Another passion is his college student experience from 1956 to 1960. Even now, nearly 48 years after receiving a bachelor’s degree in English, San Diego’s College for Men holds a permanent place in his heart.
“The College for Men opened my eyes to what was around me, what was available to me as a human being. I was bright, but I did not realize what it could mean for me until I got into that school,” says Bowman, who was 28 when he started at the institution that later merged with the San Diego College for Women to become the University of San Diego.
Bowman gained admission into the institution based on two recommendations and the encouragement of Irving Parker, who was the College for Men’s dean of admissions. Parker offered Bowman a chance to attend college, but only if he kept his grades up. Bowman failed two classes his first semester and Parker reminded him of their agreement. Parker, however, gave Bowman a second chance because of two A grades in English and a B in American History.
“Had it not been for Dean Parker’s faith in me, I would perhaps be mired still in that infernal swamp of failures fruitlessly seeking a means of escape,” says Bowman, who spoke at a recent memorial Mass inside Founders Chapel for Parker, who passed away in November. “Whatever success I have enjoyed during those 51 years since that late summer of 1956, I owe to the man we pray for today. Irving Parker was not only my benefactor and teacher, but he was also my inspiration.”
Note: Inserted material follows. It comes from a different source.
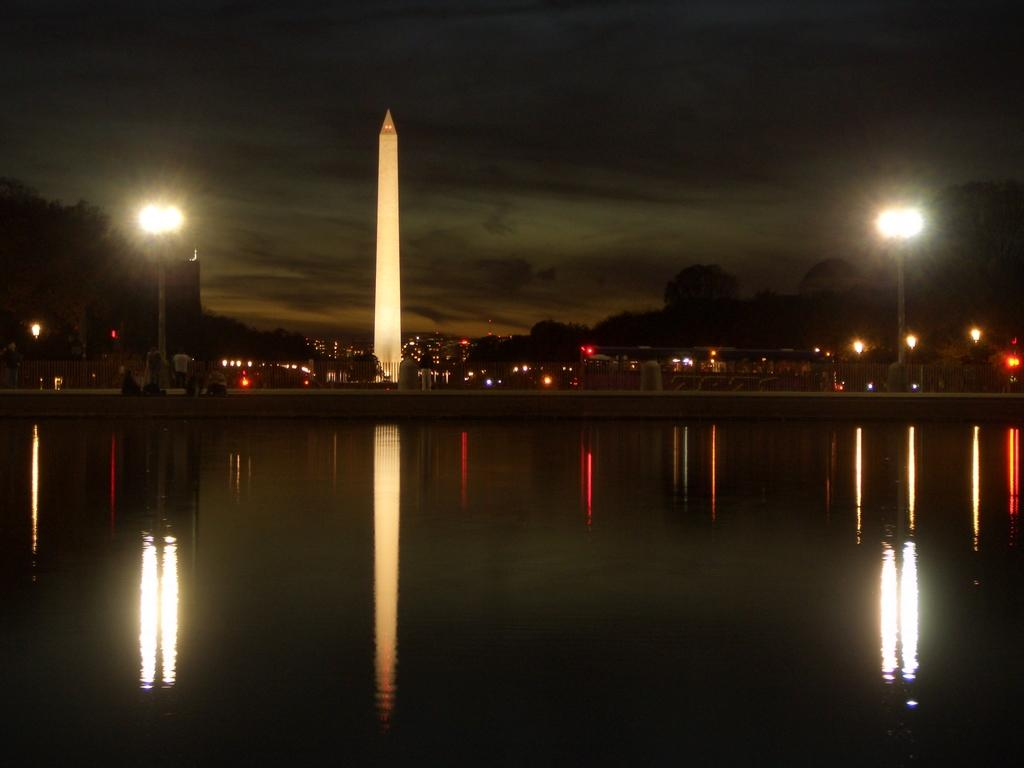Where was the image taken? The image was clicked outside. What can be seen in the middle of the image? There are lights, water, and buildings in the middle of the image. What is visible at the top of the image? The sky is visible at the top of the image. What type of skirt is being worn by the organization in the image? There is no skirt or organization present in the image. How many yards of fabric were used to create the yard in the image? There is no yard or fabric mentioned in the image.

Bowman, who took classes at San Diego City College to build academic confidence, arrived on the College for Men campus the year the school fielded its first football team. He still says he earned both his degrees from the San Diego College for Men. It’s a source of pride. It’s his way to ensure that the College for Men’s contributions are not forgotten.
“We had excellent faculty. They knew most of us weren’t well-educated in the lower grades, and they took time with us and they explained things we couldn’t figure out,” Bowman says. “The faculty and the students were just one group. We were bonded together. Many of us were married and trying to make a living. It was a common need for all of us to get an education. Out of this group came teachers, lawyers, judges and professional businessmen, and all of it came out of this little school located across the street.”